OK, I think I agree with you on this. It's like saying a ball isn't
identical to a bounce.
Right. But whoever said that a ball was identical to a bounce?

Both balls and bounces are scientific measurable things -
while Alpha would have us apply Leibniz's Law to an
unscientific, unmeasurable, intangible object - known as
"the experience of redness" -
It is ridiculous to claim that experiences are not measurable. THe
reports of such can be combined with other reports, differences picked
out, statistical analysis applied, correlations found, causal effects
found and so forth. Stand psychology and behaviorism (although such
does not explain what is happening at other levels of description,
inferences can be made - just like in subatomic physics!)
Those are all explicable as consequences of neural firing patterns,
without mentioning experience as some separate causal phenomenon.

Then try and describe War and Peace withoout reference to experience (of
reading it)!
It is all ink and cellulose or is therir meaning that arises in the
relationship between the pattern of ink and the congnizing observer?

You want me to provide a neuron-firing-level explanation of
the experience of reading War and Peace?

One reads the book: and as a result, lots of neurons fire
in patterns that are very complicated, and which it is
inappropriate for me to try and condense into this usenet post.

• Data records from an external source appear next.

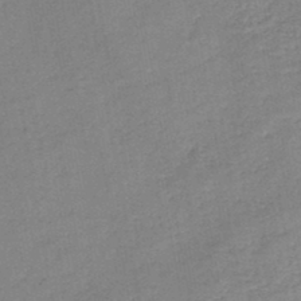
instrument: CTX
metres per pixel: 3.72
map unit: HNb
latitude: -46.5762
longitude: -37.7639
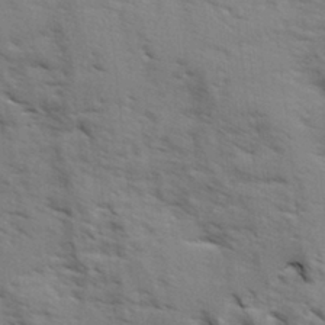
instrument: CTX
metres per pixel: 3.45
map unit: Ave
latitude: 1.8583
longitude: -110.2334
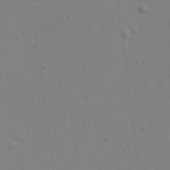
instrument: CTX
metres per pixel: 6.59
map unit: Ht
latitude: 9.0270
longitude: -77.3670
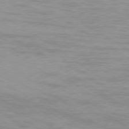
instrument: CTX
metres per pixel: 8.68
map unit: Ap
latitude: -76.9353
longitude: -75.0081
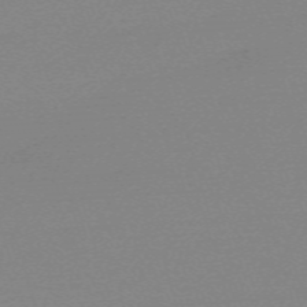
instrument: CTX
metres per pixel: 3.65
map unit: eHh
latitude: -62.0661
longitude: 52.3117
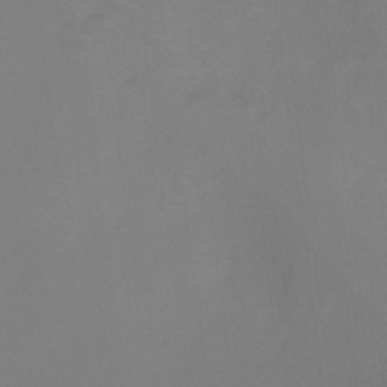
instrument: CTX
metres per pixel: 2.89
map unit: Ht
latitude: 0.2333
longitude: -36.1767
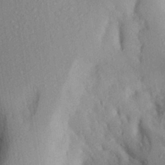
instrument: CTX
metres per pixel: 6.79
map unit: Aa
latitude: 28.5357
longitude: -145.9528
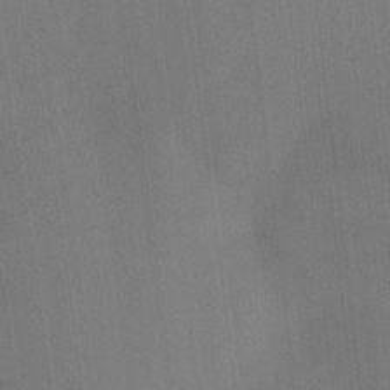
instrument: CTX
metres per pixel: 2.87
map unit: Ht
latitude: -6.1794
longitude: -27.5371
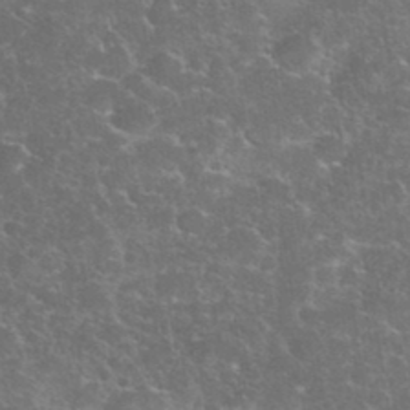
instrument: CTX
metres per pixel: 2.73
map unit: eHh
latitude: 35.6694
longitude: -65.1592
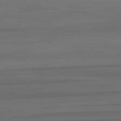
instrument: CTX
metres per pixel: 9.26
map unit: lApd
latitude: 82.8569
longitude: -179.5560
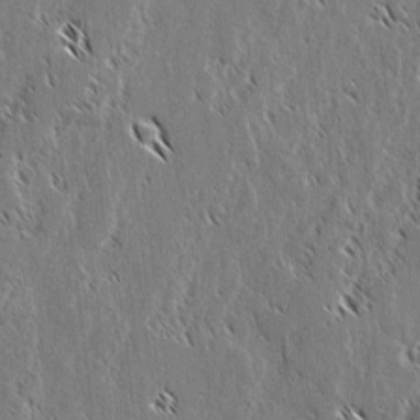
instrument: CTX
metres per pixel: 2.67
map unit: lAvf
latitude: 2.3467
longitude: -106.6490
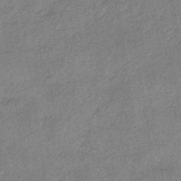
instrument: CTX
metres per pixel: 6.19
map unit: lHb
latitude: -34.6518
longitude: 68.7085
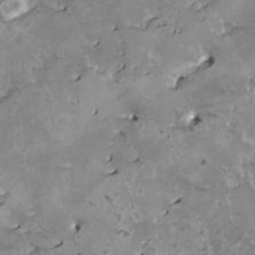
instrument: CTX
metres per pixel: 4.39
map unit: HNhu
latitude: 3.3859
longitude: 5.4265
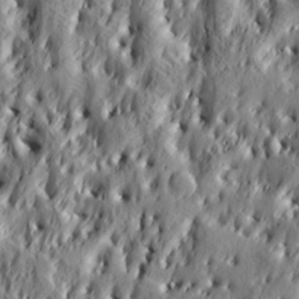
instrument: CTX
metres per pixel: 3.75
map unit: Ht
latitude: 7.5560
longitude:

Science proves nothing. Evidence - look at a red rose. Tell me what
you see. I'll do the same, and I ask 1 billion others to do the same.
Except for color blindness or some such, I'll bet the *evidence*
(first-person reports which DOES count as evidence/data) overwhelmingly
is that an experience of red exists. [...]

Similarly, 1 billion metal detectors might all agree that an
iron lump is made of metal - but that doesn't indicate that
there is any experience of "metalness" going on in the
detectors that transcends the details of the electronics
involved.

I agree that there is no evidence of an experience of "metalness" in the
detector. But when a human consciousness touches a metallic object,
there is an experience (reportable and introspectable and reflectable) of
whatever properties arise as a result of that relationship process.

Of course there's an experience. But is it really any different from
a bunch of neurons firing?

From an information-theoretic POV certainly. From an object-oriented (class
structure) or process-oriented (causal effects in Universe) POV, as
certainly.


The 1 billion reports do not bear on that issue.

Sure they do; they are datums that cannot be ignored by any conscientious
scinece of phenomenology or neuroscience.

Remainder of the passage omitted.